VISTA Leaderboard — Visual Spec-to-Web-App Coding Agents

Leaderboard

Combined score — condition C4 · latest harness

#	Model	Harness	S
1	fable-5	claude code 2.1.152	0.274
2	Opus 4.8	claude code 2.1.126	0.263
3	Sonnet 4.6	claude code 2.1.152	0.248
4	Opus 4.7	claude code 2.1.126	0.246
5	GPT-5.5	codex 0.134	0.205
6	GPT-5.4-mini	codex 0.134	0.194
7	GPT-5.4	codex 0.134	0.190
8	Gemini 3.5 Flash	antigravity · medium	0.145
9	Haiku 4.5	claude code 2.1.152	0.105

Agents are ranked by the Combined score S — DOM-grounded localization × behavior on human-annotated UI anchors, averaged over 10 apps (failures count as 0). Each model runs on its latest harness release (Codex-CLI 0.134 / Claude Code 2.1.152), with a free choice of stack. Condition C4 gives the agent the richest spec: the page's rendered Figma image (a screenshot mockup) and its pruned Figma structure (the layout tree as JSON) — but no target framework.

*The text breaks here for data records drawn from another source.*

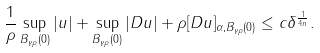<formula> <loc_0><loc_0><loc_500><loc_500>\frac { 1 } { \rho } \sup _ { B _ { \gamma \rho } ( 0 ) } | u | + \sup _ { B _ { \gamma \rho } ( 0 ) } | D u | + \rho [ D u ] _ { \alpha , B _ { \gamma \rho } ( 0 ) } \leq c \delta ^ { \frac { 1 } { 4 n } } .</formula> 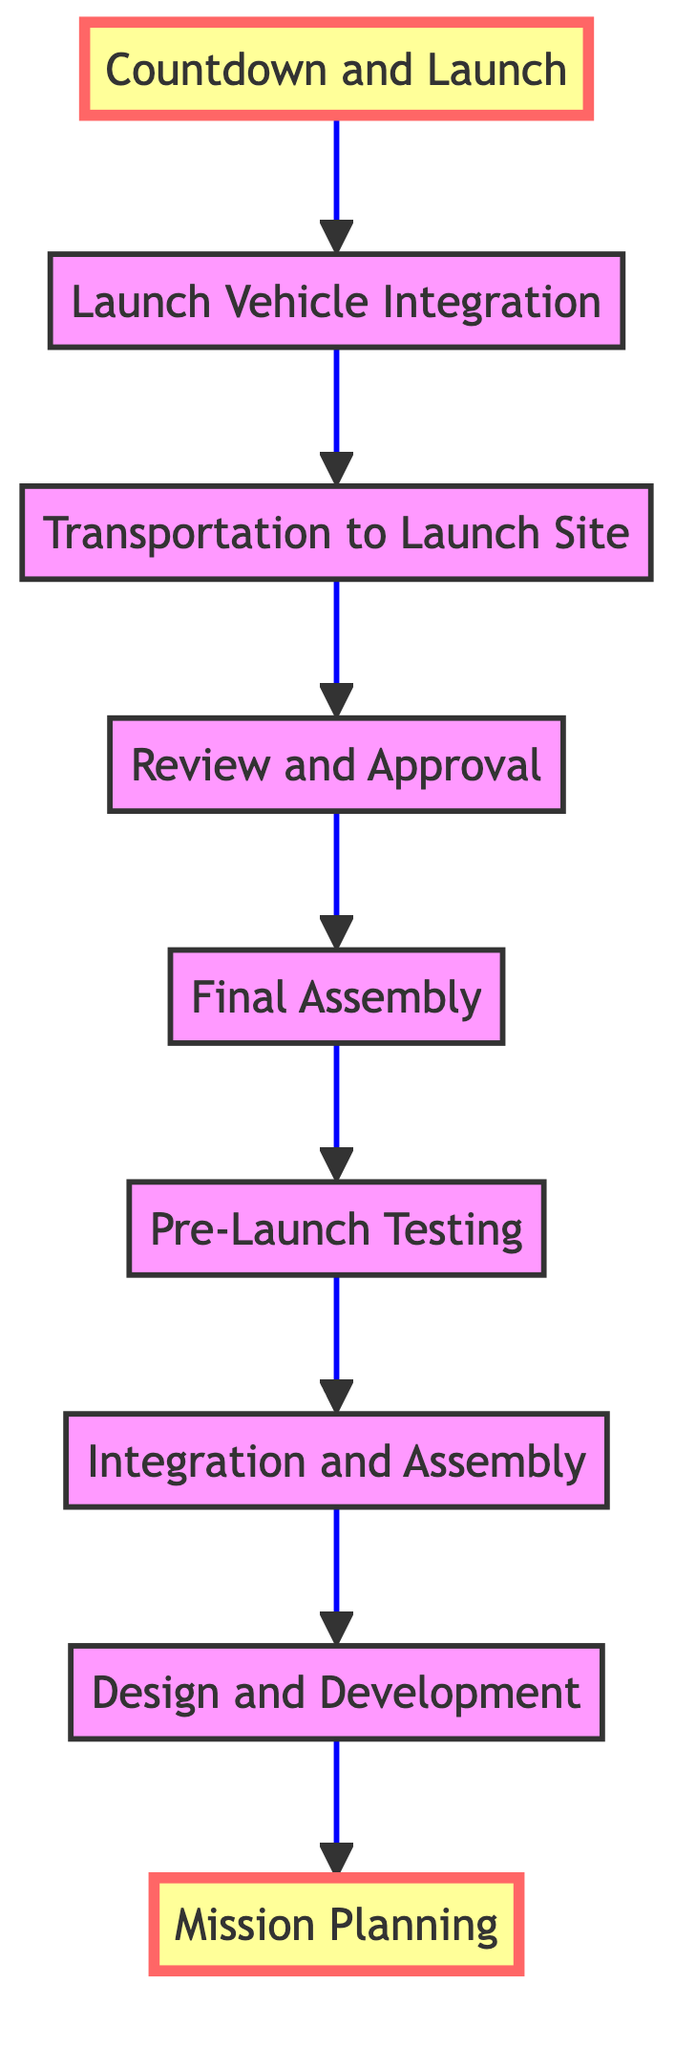What is the first step in preparing a spacecraft for launch? The diagram shows that "Mission Planning" is the first element in the flow, meaning it is the initial step.
Answer: Mission Planning How many steps are involved in the process of preparing a spacecraft for launch? By counting the elements listed in the diagram, we see that there are 9 steps in total.
Answer: 9 What follows after "Final Assembly"? Looking at the flow direction, "Final Assembly" is followed by "Review and Approval".
Answer: Review and Approval Which step comes directly before "Countdown and Launch"? Checking the connections from the diagram, "Launch Vehicle Integration" is the step that comes directly before "Countdown and Launch".
Answer: Launch Vehicle Integration What is the last step in preparing a spacecraft for launch? The final element of the flow chart indicates that the last step is "Countdown and Launch".
Answer: Countdown and Launch What are the two highlighted steps in the diagram? The highlighted steps in the diagram, indicated by different formatting, are "Mission Planning" and "Countdown and Launch".
Answer: Mission Planning and Countdown and Launch Which two steps share a direct connection in the process? The flow from "Integration and Assembly" leads directly to "Pre-Launch Testing", showing they are directly connected.
Answer: Integration and Assembly and Pre-Launch Testing What is the purpose of "Pre-Launch Testing"? The description for "Pre-Launch Testing" indicates it involves conducting functional tests, environmental tests, and simulations to ensure operational integrity.
Answer: Conduct functional tests, environmental tests, and simulations What is the main activity during "Transportation to Launch Site"? The diagram states that this step involves transporting the spacecraft to the launch site and completing pre-launch preparations.
Answer: Transport the spacecraft to the launch site and complete pre-launch preparations

S ∈ [0, 1]; higher is better. Scored with the corrected README page-mapping. Opus 4.7 and GPT-5.4 entries come from externally-provided result sets that could not be re-verified against the fixed parser. Gemini 3.5 Flash (High) and Gemini 3.1 Pro (High) are omitted pending complete runs (only 7/10 and 5/10 tasks available).

Co-evolution

Harness × LLM — co-evolving over releases

An agent is a model inside a harness, and both ship on their own cadence. Tracking the same model across harness releases shows the two co-evolving — sometimes lifting each other, sometimes regressing. Combined score by npm release date.

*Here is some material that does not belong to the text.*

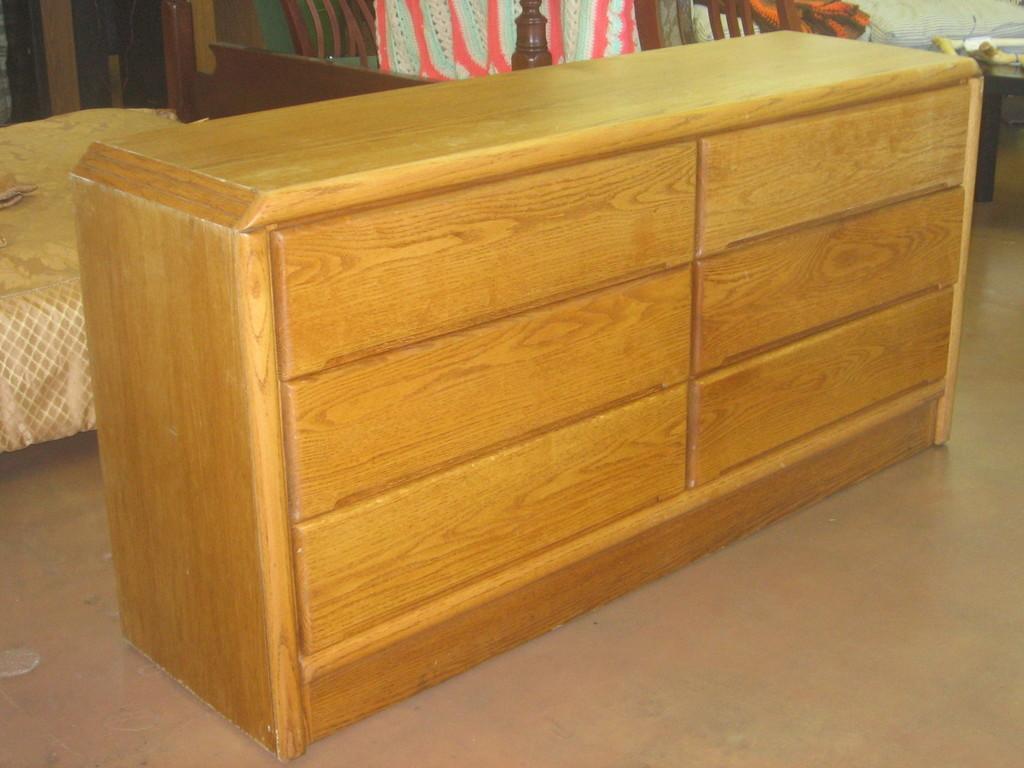Can you describe this image briefly? In the center of the image we can see a wooden stand. On the left there is a bed and we can see chairs. On the right there is a table and we can see things placed on the table. At the bottom there is a floor and we can see a cloth.

Codex-CLI — all three GPT models dip from the Apr-30 (0.128) to May-26 (0.134) build; GPT-5.4 peaks at 0.128.

Claude Code — Sonnet 4.6 rises monotonically across releases; fable-5 (2.1.152) tops the field; Haiku 4.5 trails. Opus 4.7/4.8 shown at 2.1.126.

Mean C4 combined score (n=10, failures scored 0). Codex-CLI and Claude Code use independent version schemes, shown as separate panels.

How it's scored

DOM-grounded, behavior-aware

Each task asks an agent to build and launch a multi-page web app from a visual spec. We bring the app up in Docker and, for every human-annotated UI anchor, match it to a rendered DOM element — scoring localization L (IoU / distance to the mockup position) and behavior B (interaction-specific browser checks). The headline Combined score is S = mean(L · B) over the critical anchors.

Pipeline: a visual spec drives the agent (model × harness) to build a runnable app; each annotated UI anchor is matched to a DOM element and scored on localization and behavior, combined into S.